= James Fontaine =

James Fontaine or James Fountaine (c. 1757–1790) was an officer who served in American Revolutionary War and the Northwest Indian War.

James Fontaine is believed to have been born in Hanover County, Virginia in about 1757. At an early age he entered on a military career, becoming a member of the first expert rifle company raised in Buckingham District, Virginia, for the defense of the colony in 1775. Later this company was attached to the 2nd Virginia Regiment, October 21, 1775. He served until March 1776, near Williamsburg, Virginia.

Fontaine moved to Kentucky, where he served as major in the Northwest Indian War.
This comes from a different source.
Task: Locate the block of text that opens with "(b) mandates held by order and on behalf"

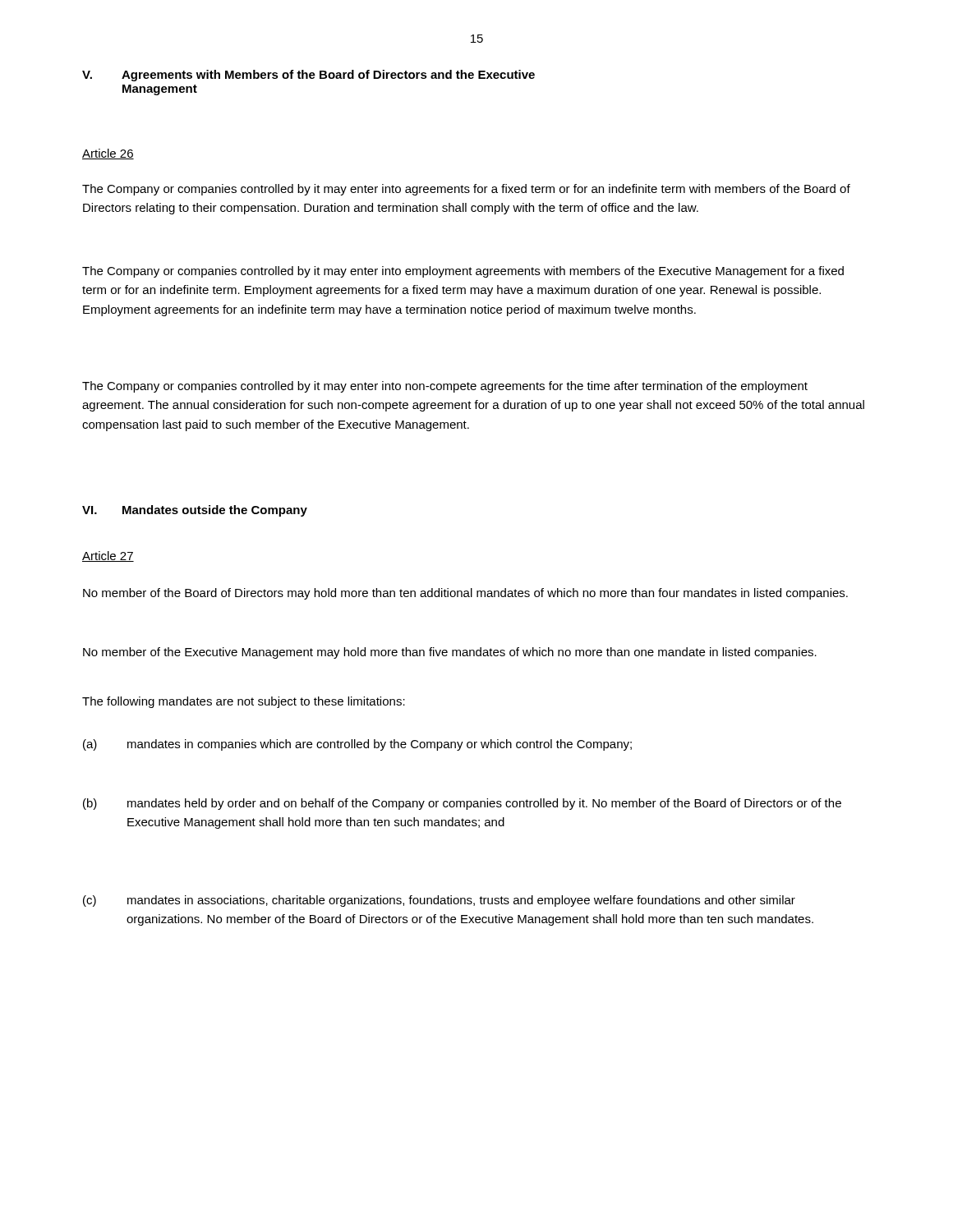Action: tap(476, 813)
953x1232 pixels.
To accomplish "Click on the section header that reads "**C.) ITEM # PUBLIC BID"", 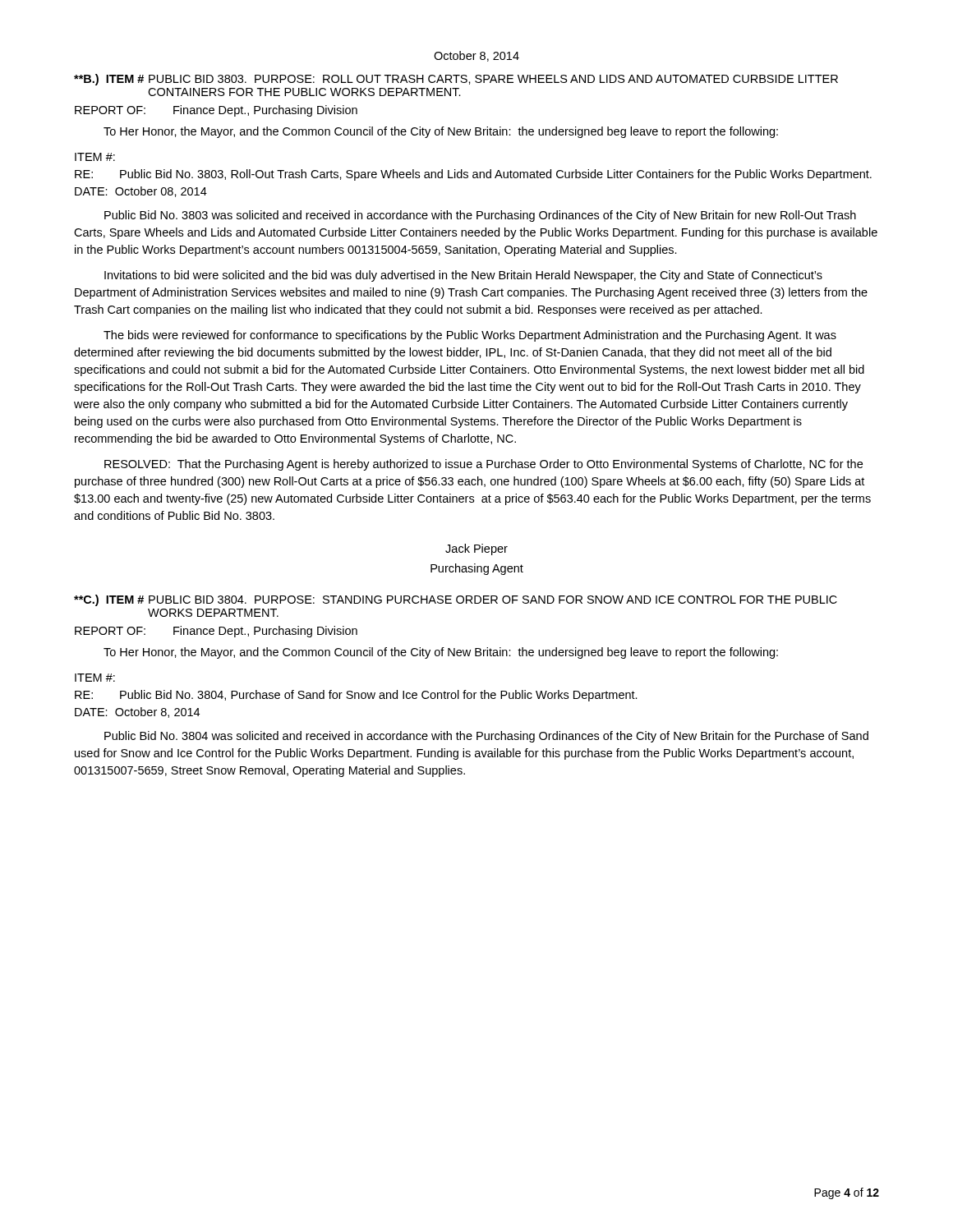I will (x=476, y=606).

In 1790 he served under General Josiah Harmar in a march northward from Cincinnati against the Miami, under the leadership of Little Turtle.
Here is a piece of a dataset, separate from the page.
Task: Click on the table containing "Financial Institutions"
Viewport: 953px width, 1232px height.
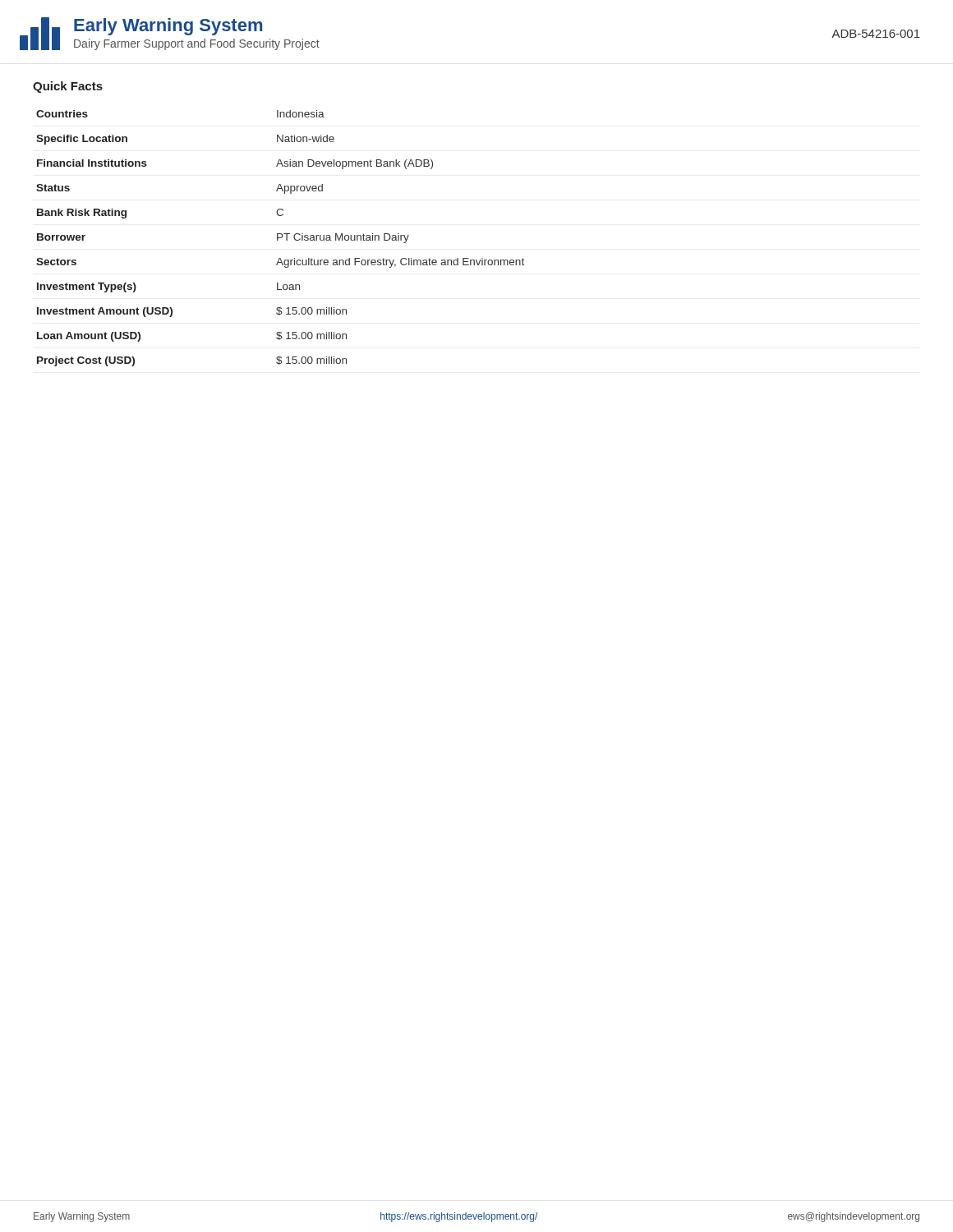Action: coord(476,237)

Fountaine was killed on October 22, 1790, at a battle variously known as Harmar's Defeat, Battle of the Maumee, Battle of Kekionga, or Battle of the Miami Towns. This occurred near the confluence of the St. Joseph River and St. Marys River forming the Maumee River, near modern Fort Wayne, Indiana. The Miami called it the "Battle of the Pumpkin Fields", because, after the battle, the scalped heads of the Americans reminded them of a pumpkin field.

Fountain County, Indiana was named in his honor.